BEGIN

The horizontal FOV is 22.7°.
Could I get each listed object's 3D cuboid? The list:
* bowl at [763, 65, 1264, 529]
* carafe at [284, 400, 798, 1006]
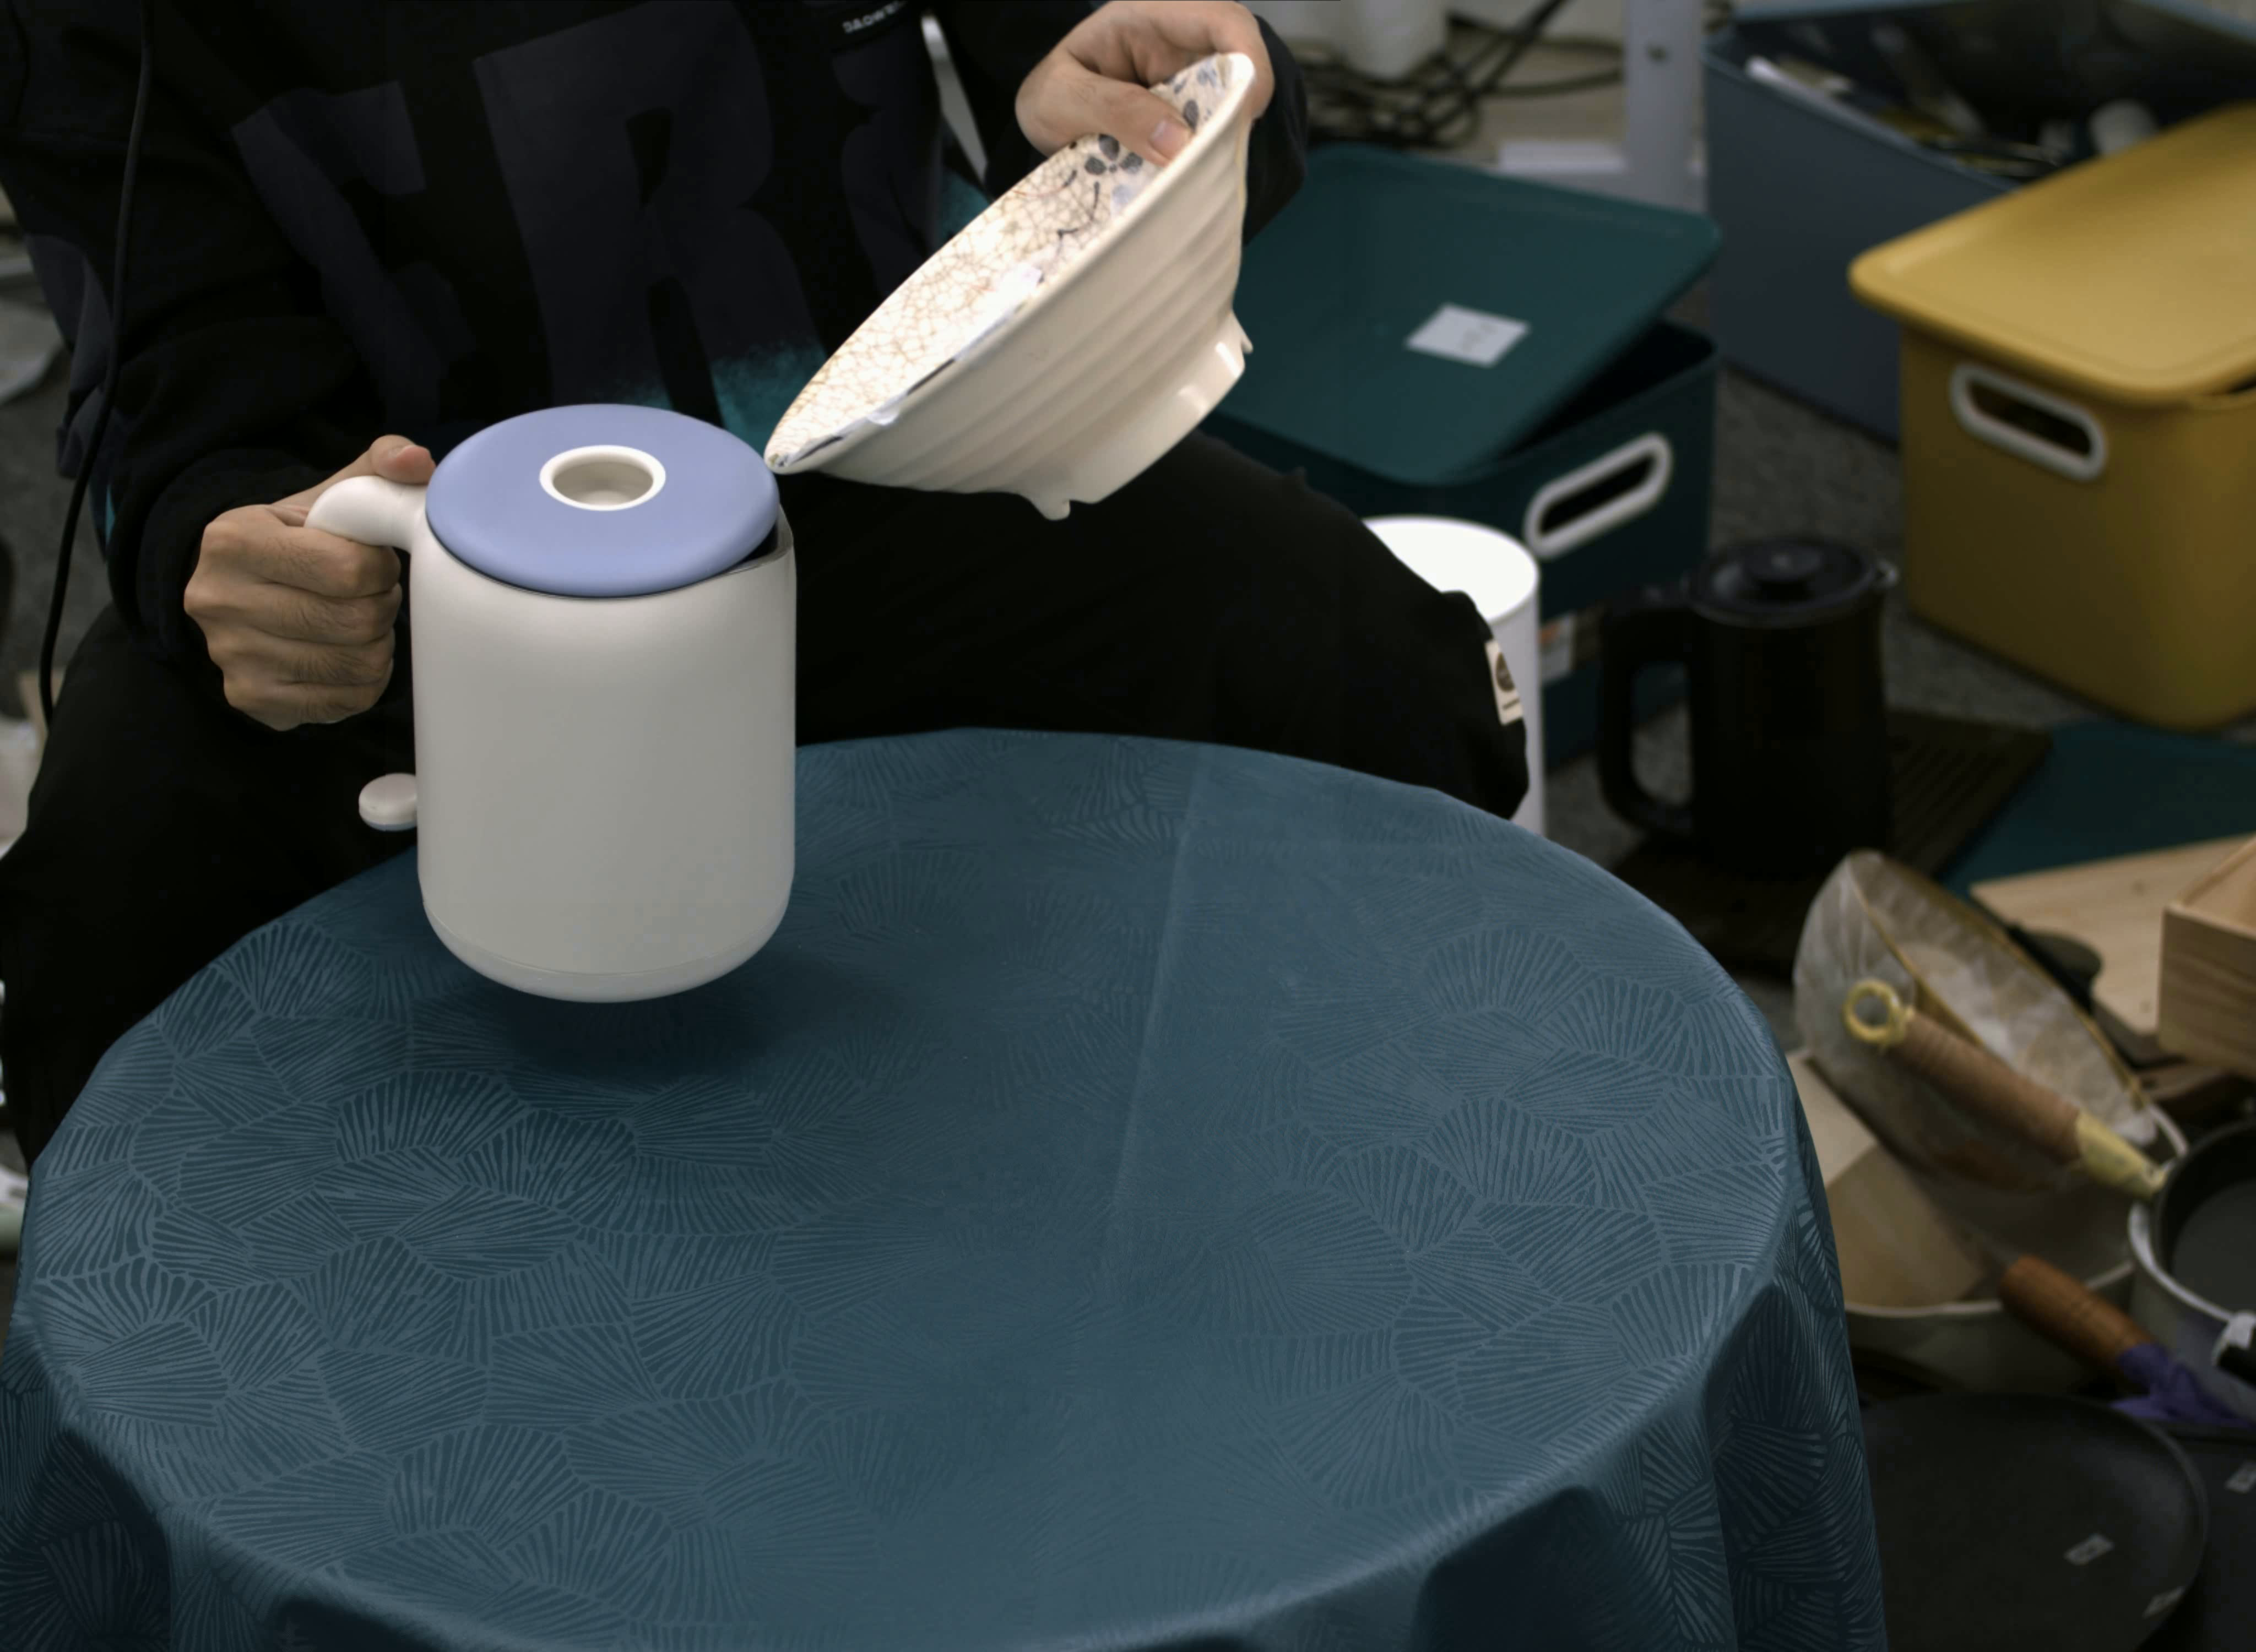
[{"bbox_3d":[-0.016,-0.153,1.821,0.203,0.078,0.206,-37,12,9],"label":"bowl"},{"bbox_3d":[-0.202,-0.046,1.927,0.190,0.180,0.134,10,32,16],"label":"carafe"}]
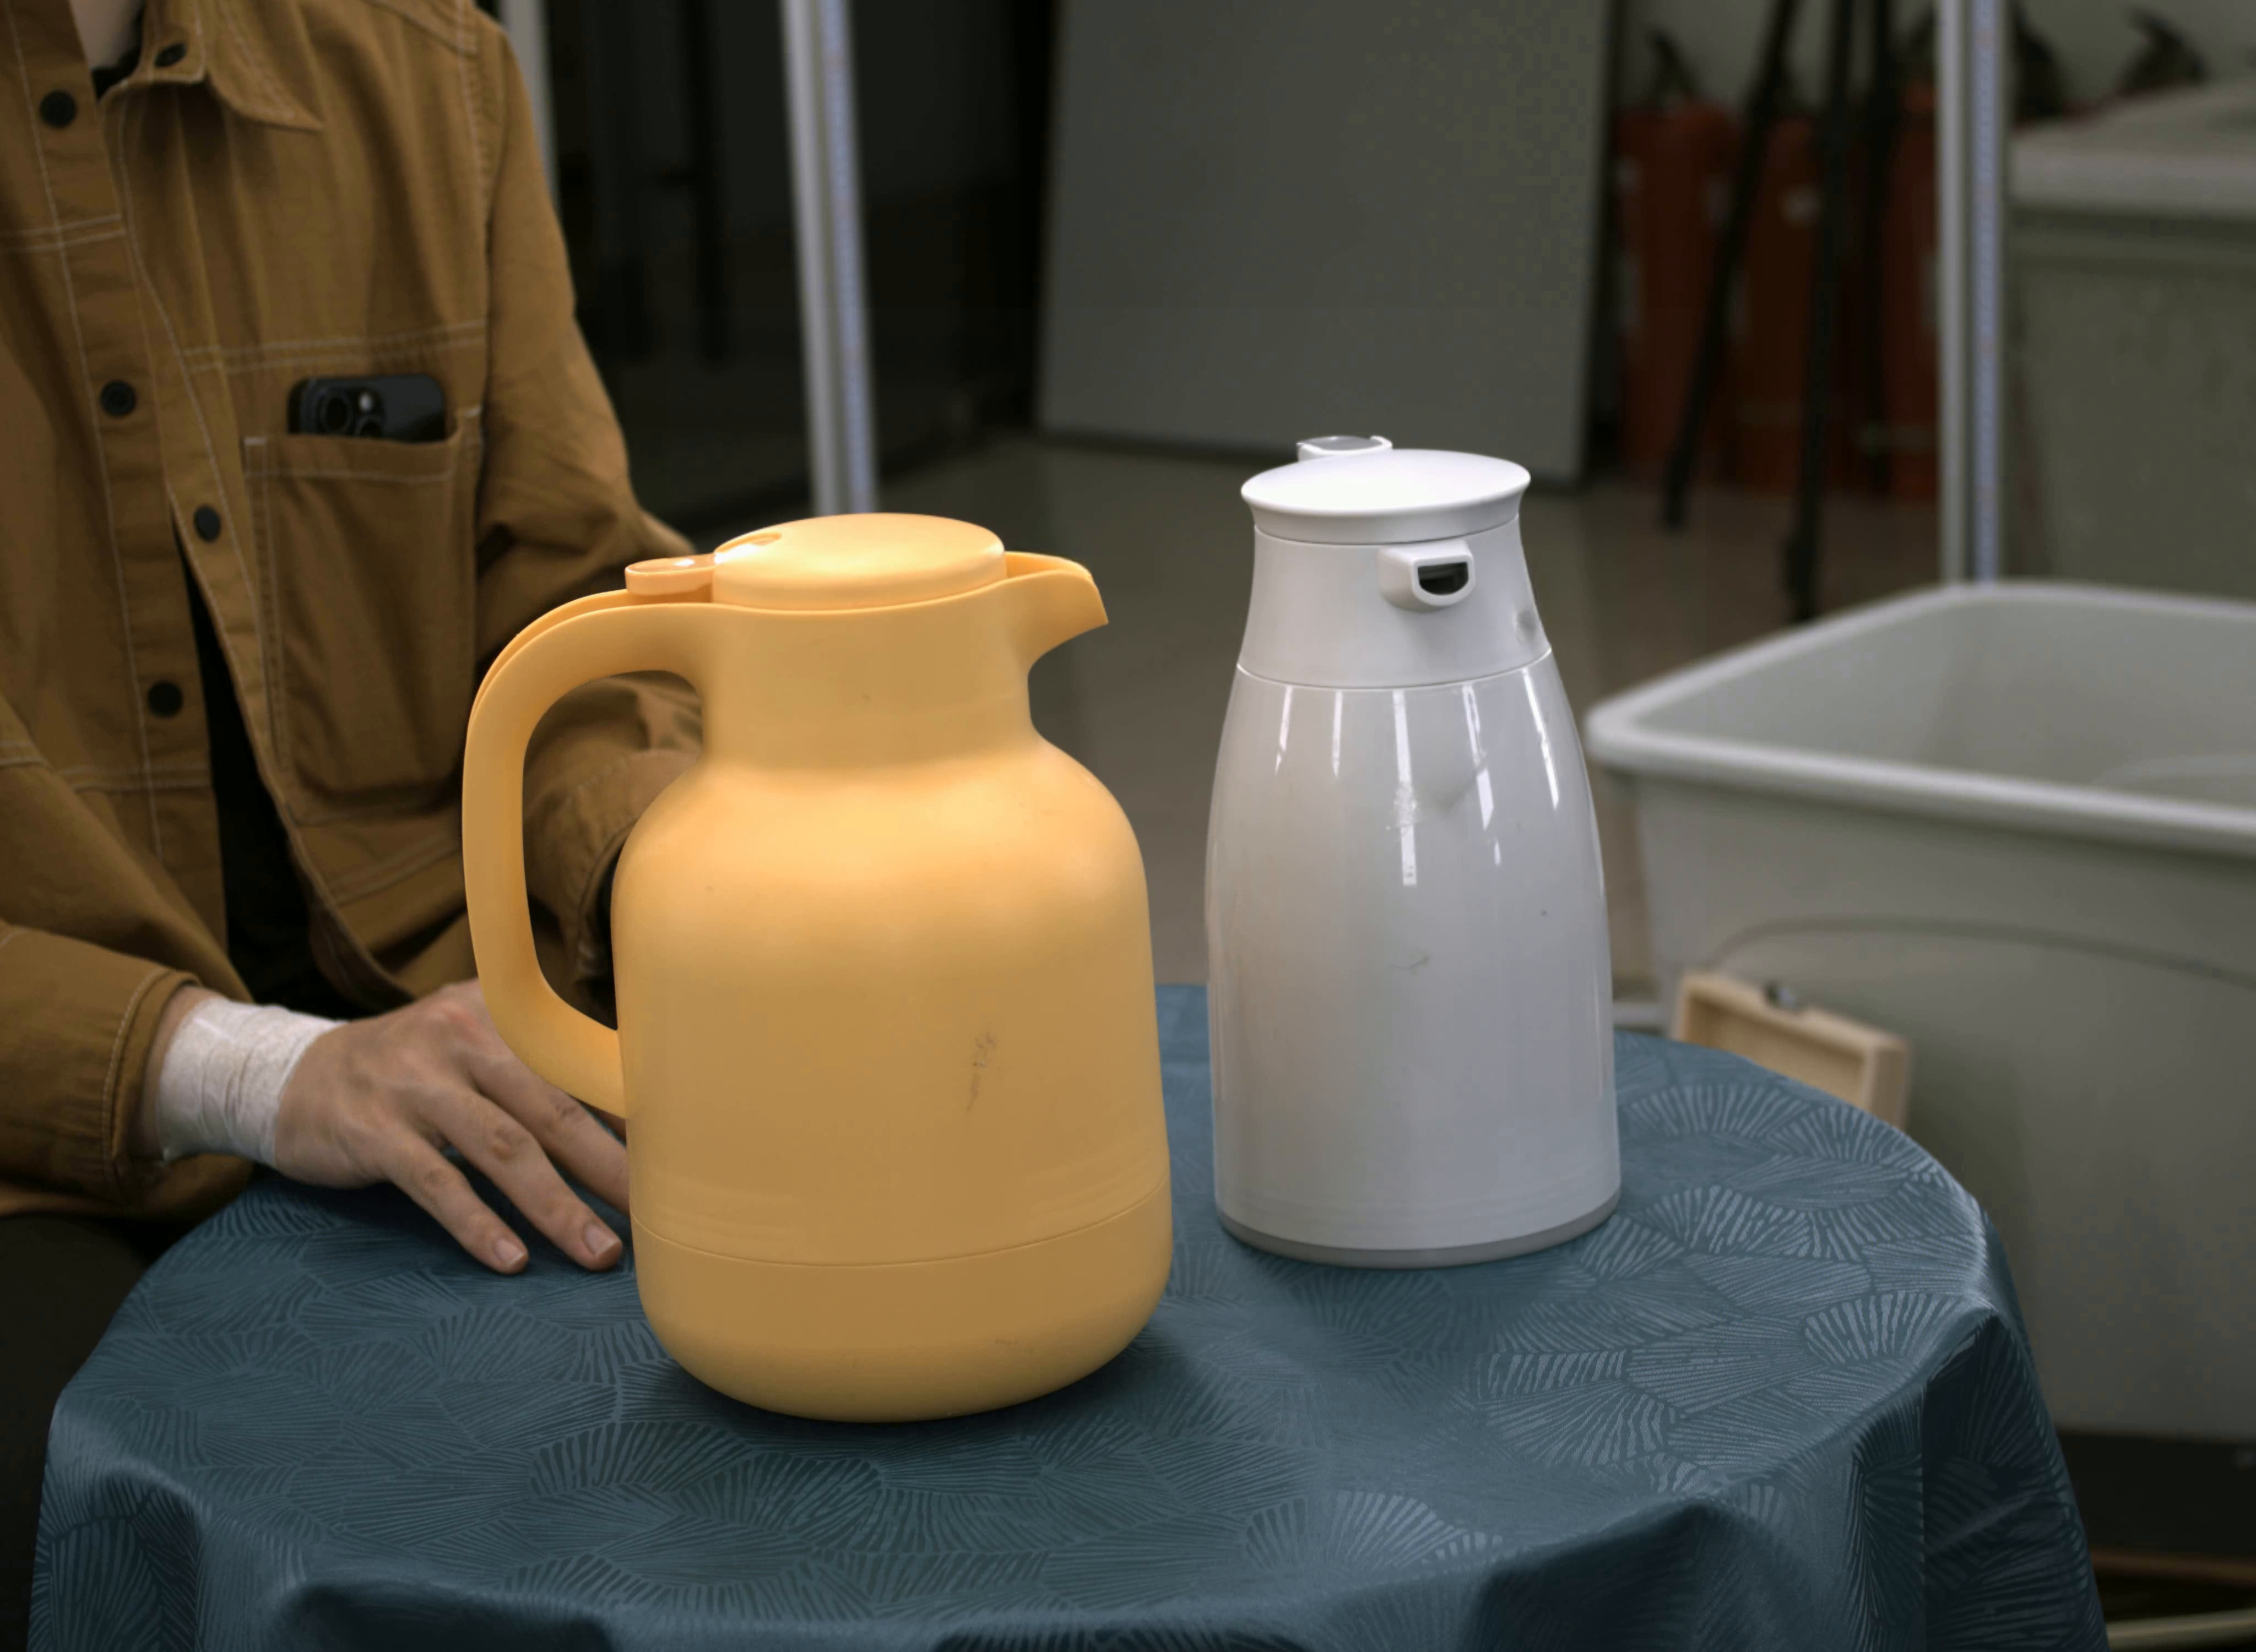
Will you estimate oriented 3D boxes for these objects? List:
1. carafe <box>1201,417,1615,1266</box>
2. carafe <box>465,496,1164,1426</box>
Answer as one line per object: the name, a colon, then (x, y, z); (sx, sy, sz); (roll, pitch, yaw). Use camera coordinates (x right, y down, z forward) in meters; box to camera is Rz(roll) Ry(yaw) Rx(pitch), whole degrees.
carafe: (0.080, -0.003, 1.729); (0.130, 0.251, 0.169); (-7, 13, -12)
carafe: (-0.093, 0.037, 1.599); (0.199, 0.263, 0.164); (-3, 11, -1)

END

**DESCRIPTION OF THE TASK**
Find the line containing "65, 1264, 529]" and copy it and each line after it through the end of the material, exactly, with no pictures.

**ANSWER**
* bowl at [763, 65, 1264, 529]
* carafe at [284, 400, 798, 1006]
[{"bbox_3d":[-0.016,-0.153,1.821,0.203,0.078,0.206,-37,12,9],"label":"bowl"},{"bbox_3d":[-0.202,-0.046,1.927,0.190,0.180,0.134,10,32,16],"label":"carafe"}]
Will you estimate oriented 3D boxes for these objects? List:
1. carafe <box>1201,417,1615,1266</box>
2. carafe <box>465,496,1164,1426</box>
Answer as one line per object: the name, a colon, then (x, y, z); (sx, sy, sz); (roll, pitch, yaw). Use camera coordinates (x right, y down, z forward) in meters; box to camera is Rz(roll) Ry(yaw) Rx(pitch), whole degrees.
carafe: (0.080, -0.003, 1.729); (0.130, 0.251, 0.169); (-7, 13, -12)
carafe: (-0.093, 0.037, 1.599); (0.199, 0.263, 0.164); (-3, 11, -1)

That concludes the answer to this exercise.